• **WHAT YOU SHOULD DO**:
Transcribe every entry exactly, leaving out any pictures.

━━━━━ PROVIDED DATA ━━━━━

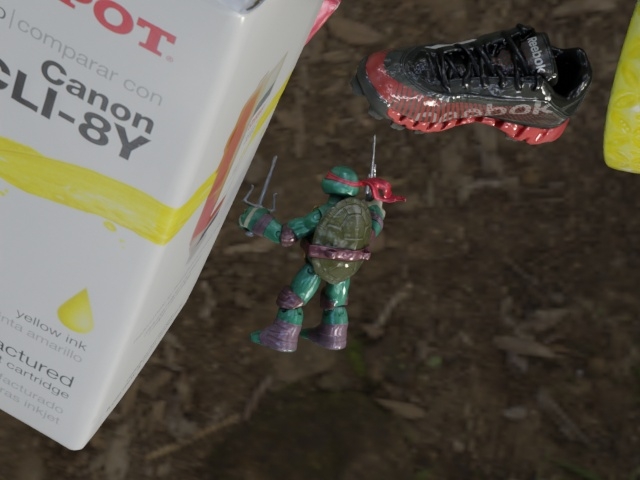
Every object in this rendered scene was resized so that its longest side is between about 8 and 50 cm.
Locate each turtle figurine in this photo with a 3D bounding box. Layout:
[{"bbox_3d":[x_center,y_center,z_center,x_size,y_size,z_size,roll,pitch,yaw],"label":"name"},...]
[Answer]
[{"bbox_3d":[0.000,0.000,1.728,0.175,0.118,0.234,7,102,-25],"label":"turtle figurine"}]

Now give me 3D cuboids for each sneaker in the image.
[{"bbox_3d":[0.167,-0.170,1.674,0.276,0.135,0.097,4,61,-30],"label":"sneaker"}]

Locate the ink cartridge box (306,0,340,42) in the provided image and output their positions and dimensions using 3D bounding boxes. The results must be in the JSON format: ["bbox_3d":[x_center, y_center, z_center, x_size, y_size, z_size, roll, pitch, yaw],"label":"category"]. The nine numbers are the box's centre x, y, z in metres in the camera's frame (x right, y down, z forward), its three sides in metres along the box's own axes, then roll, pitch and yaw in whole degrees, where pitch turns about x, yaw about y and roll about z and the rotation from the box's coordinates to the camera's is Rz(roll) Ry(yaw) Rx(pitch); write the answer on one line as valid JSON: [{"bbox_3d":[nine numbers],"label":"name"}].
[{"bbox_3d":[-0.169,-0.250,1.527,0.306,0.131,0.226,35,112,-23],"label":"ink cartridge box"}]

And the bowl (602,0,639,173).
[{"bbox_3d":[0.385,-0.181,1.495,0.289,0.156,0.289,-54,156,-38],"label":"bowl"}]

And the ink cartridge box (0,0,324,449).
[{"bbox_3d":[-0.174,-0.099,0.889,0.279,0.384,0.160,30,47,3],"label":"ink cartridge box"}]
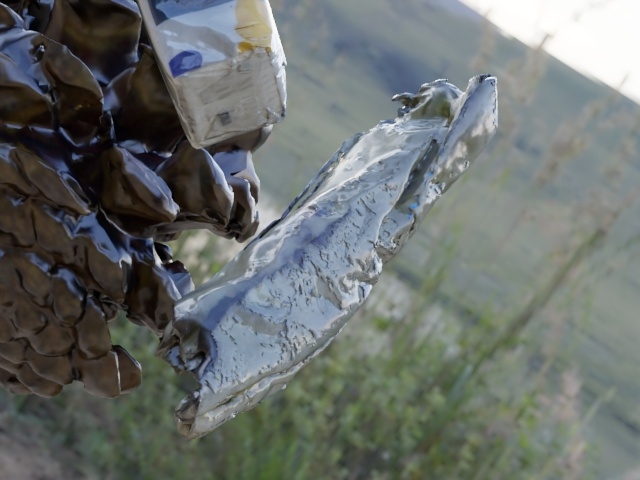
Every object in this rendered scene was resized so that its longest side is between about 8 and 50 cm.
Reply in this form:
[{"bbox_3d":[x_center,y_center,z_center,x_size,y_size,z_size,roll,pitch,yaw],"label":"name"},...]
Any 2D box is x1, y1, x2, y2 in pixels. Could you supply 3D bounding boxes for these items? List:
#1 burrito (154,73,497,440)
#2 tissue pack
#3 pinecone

━━━━━

• **RESPONSE BELOW**:
Every object in this rendered scene was resized so that its longest side is between about 8 and 50 cm.
Locate each turtle figurine in this photo with a 3D bounding box. Layout:
[{"bbox_3d":[x_center,y_center,z_center,x_size,y_size,z_size,roll,pitch,yaw],"label":"name"},...]
[Answer]
[{"bbox_3d":[0.000,0.000,1.728,0.175,0.118,0.234,7,102,-25],"label":"turtle figurine"}]

Now give me 3D cuboids for each sneaker in the image.
[{"bbox_3d":[0.167,-0.170,1.674,0.276,0.135,0.097,4,61,-30],"label":"sneaker"}]

Locate the ink cartridge box (306,0,340,42) in the provided image and output their positions and dimensions using 3D bounding boxes. The results must be in the JSON format: ["bbox_3d":[x_center, y_center, z_center, x_size, y_size, z_size, roll, pitch, yaw],"label":"category"]. The nine numbers are the box's centre x, y, z in metres in the camera's frame (x right, y down, z forward), its three sides in metres along the box's own axes, then roll, pitch and yaw in whole degrees, where pitch turns about x, yaw about y and roll about z and the rotation from the box's coordinates to the camera's is Rz(roll) Ry(yaw) Rx(pitch); write the answer on one line as valid JSON: [{"bbox_3d":[nine numbers],"label":"name"}].
[{"bbox_3d":[-0.169,-0.250,1.527,0.306,0.131,0.226,35,112,-23],"label":"ink cartridge box"}]

And the bowl (602,0,639,173).
[{"bbox_3d":[0.385,-0.181,1.495,0.289,0.156,0.289,-54,156,-38],"label":"bowl"}]

And the ink cartridge box (0,0,324,449).
[{"bbox_3d":[-0.174,-0.099,0.889,0.279,0.384,0.160,30,47,3],"label":"ink cartridge box"}]
Every object in this rendered scene was resized so that its longest side is between about 8 and 50 cm.
Reply in this form:
[{"bbox_3d":[x_center,y_center,z_center,x_size,y_size,z_size,roll,pitch,yaw],"label":"name"},...]
Any 2D box is x1, y1, x2, y2 in pixels. Could you supply 3D bounding boxes for these items? List:
#1 burrito (154,73,497,440)
#2 tissue pack
#3 pinecone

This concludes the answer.